* [Provided records]
◇ ◇ ◇ ◇ ◇

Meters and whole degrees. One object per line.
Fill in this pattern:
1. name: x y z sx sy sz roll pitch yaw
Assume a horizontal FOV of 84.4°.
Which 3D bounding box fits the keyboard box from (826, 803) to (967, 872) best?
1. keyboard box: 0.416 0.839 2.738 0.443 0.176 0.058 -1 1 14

◇ ◇ ◇ ◇ ◇

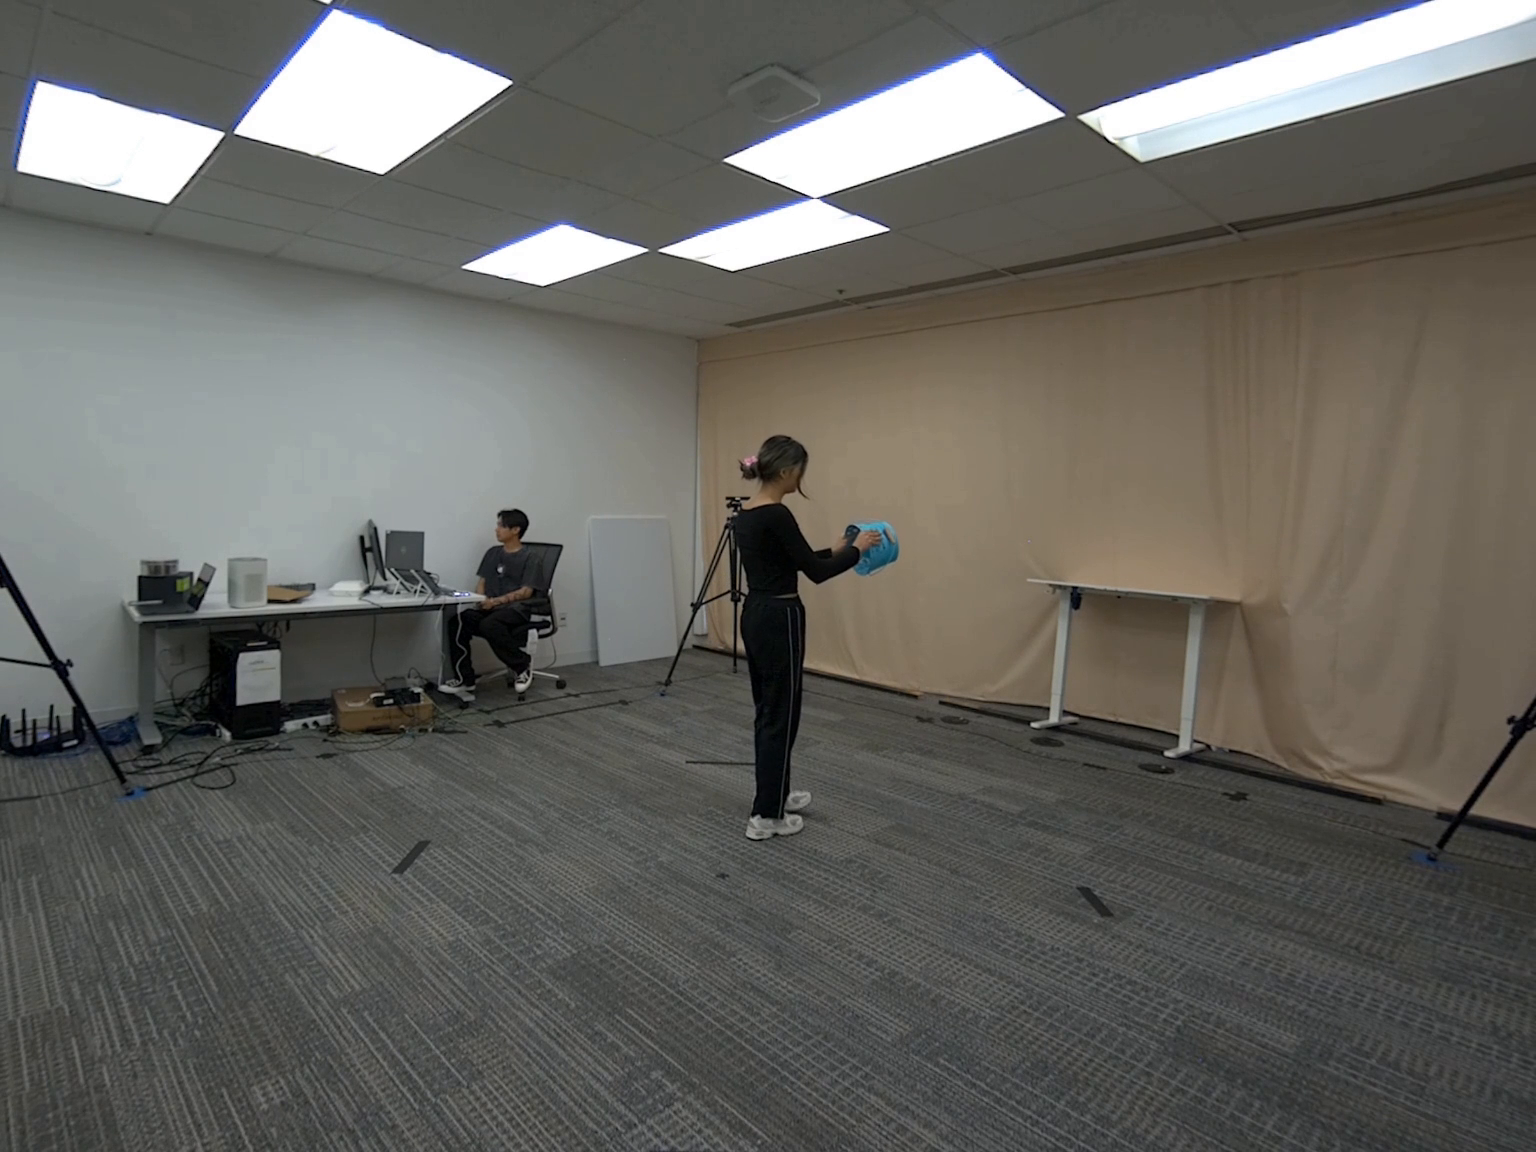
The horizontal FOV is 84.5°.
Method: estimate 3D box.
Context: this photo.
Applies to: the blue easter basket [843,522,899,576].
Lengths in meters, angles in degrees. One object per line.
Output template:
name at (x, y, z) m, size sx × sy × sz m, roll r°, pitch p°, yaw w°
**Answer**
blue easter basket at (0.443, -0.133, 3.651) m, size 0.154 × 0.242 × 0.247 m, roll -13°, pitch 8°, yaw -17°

◇ ◇ ◇ ◇ ◇

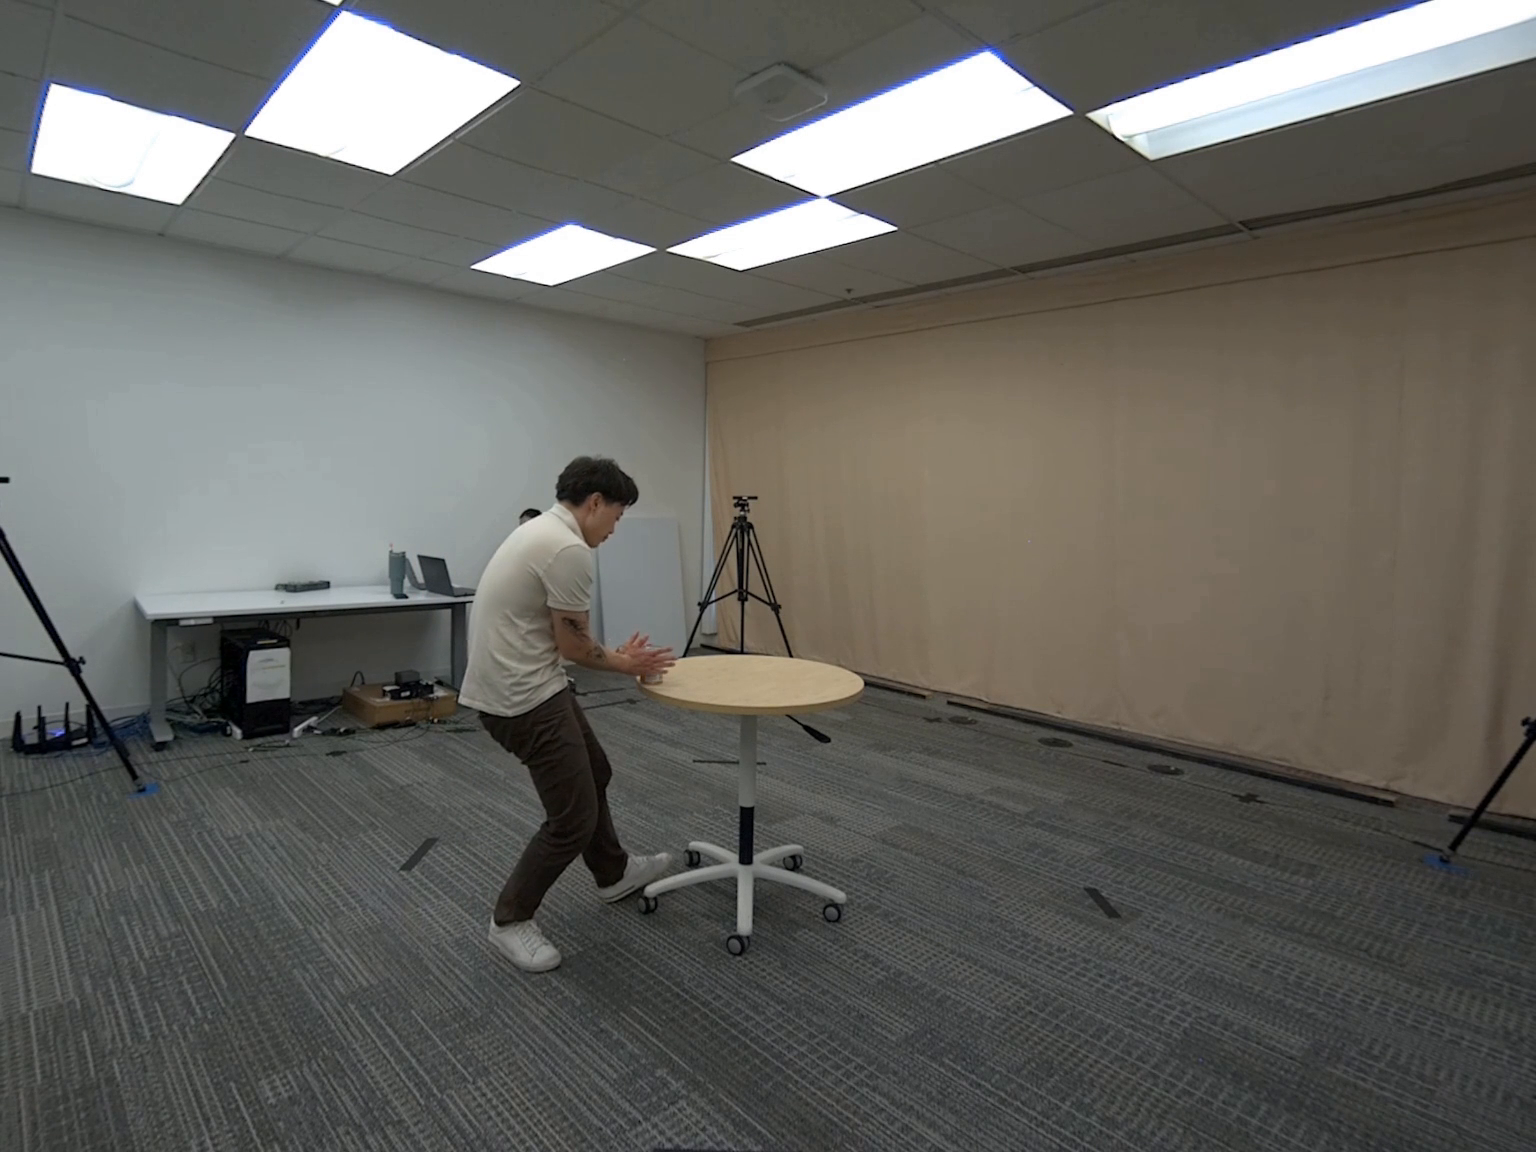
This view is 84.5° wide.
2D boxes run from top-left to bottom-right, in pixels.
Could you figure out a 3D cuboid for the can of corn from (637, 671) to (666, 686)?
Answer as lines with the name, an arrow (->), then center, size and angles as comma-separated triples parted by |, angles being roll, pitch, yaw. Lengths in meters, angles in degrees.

◇ ◇ ◇ ◇ ◇

* [About this exercise] Look over the listing above. Pick out and copy every line that includes "angles".

* [Completed task]
Lengths in meters, angles in degrees. One object per line.
Answer as lines with the name, an arrow (->), then center, size and angles as comma-separated triples parted by |, angles being roll, pitch, yaw. Lengths in meters, angles in degrees.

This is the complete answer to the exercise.